*** Opening of Records supplied ***
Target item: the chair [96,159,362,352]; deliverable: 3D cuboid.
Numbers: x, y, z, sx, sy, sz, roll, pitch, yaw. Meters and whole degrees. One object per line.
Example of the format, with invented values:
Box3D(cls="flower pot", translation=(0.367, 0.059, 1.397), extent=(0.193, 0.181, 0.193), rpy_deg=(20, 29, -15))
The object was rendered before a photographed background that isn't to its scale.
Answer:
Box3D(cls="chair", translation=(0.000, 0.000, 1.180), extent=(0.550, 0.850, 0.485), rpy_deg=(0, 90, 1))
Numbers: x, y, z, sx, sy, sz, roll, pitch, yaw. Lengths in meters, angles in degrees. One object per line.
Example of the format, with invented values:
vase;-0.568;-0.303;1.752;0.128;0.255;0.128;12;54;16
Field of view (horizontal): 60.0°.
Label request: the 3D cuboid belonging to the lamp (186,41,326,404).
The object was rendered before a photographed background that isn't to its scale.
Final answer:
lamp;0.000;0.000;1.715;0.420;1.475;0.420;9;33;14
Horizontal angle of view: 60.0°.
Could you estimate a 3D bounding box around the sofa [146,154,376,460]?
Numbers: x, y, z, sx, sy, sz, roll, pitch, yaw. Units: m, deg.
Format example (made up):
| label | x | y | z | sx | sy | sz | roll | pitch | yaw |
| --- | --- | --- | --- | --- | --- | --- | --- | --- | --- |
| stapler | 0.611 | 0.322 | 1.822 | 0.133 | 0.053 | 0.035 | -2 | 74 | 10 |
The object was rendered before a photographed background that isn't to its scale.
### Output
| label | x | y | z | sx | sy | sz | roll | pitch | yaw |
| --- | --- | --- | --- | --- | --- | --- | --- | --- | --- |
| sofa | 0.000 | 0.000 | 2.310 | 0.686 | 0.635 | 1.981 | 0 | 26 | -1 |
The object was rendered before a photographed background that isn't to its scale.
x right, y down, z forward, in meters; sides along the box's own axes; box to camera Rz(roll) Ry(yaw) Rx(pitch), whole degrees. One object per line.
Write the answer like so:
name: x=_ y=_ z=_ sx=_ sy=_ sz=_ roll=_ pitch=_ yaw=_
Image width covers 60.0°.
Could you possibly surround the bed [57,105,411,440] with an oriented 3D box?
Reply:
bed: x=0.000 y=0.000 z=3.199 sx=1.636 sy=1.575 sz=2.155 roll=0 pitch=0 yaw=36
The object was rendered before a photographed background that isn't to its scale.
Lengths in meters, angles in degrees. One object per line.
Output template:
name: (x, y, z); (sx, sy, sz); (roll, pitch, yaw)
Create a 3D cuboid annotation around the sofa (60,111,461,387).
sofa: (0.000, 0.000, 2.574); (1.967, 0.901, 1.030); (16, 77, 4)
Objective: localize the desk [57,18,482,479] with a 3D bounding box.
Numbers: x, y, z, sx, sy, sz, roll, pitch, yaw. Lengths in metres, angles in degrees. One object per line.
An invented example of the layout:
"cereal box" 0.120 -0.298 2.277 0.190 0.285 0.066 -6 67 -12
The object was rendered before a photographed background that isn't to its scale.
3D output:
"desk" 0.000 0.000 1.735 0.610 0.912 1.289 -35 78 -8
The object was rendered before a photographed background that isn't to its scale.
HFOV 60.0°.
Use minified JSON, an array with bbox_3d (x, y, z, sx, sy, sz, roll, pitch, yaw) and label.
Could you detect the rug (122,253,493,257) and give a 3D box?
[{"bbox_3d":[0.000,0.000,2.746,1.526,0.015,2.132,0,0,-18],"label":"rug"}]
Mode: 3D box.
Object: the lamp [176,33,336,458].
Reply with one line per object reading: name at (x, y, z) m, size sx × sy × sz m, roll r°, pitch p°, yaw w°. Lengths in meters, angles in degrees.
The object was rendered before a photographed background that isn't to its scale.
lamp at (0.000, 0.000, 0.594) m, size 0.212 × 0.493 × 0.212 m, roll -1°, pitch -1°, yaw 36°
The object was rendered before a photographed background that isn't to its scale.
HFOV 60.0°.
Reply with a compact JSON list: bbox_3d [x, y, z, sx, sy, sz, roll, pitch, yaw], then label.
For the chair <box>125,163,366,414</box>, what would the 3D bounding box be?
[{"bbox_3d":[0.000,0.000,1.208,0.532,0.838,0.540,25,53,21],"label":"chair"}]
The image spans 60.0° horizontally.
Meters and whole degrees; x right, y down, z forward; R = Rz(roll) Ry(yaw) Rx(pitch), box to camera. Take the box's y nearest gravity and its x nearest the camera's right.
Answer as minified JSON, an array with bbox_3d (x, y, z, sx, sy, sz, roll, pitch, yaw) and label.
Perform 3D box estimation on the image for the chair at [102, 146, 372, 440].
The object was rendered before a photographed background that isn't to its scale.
*** Close of Records supplied ***
In the entries above, find each line that includes the string "angles" and copy it.

Task result:
Numbers: x, y, z, sx, sy, sz, roll, pitch, yaw. Lengths in meters, angles in degrees. One object per line.
Lengths in meters, angles in degrees. One object per line.
Numbers: x, y, z, sx, sy, sz, roll, pitch, yaw. Lengths in metres, angles in degrees. One object per line.
Reply with one line per object reading: name at (x, y, z) m, size sx × sy × sz m, roll r°, pitch p°, yaw w°. Lengths in meters, angles in degrees.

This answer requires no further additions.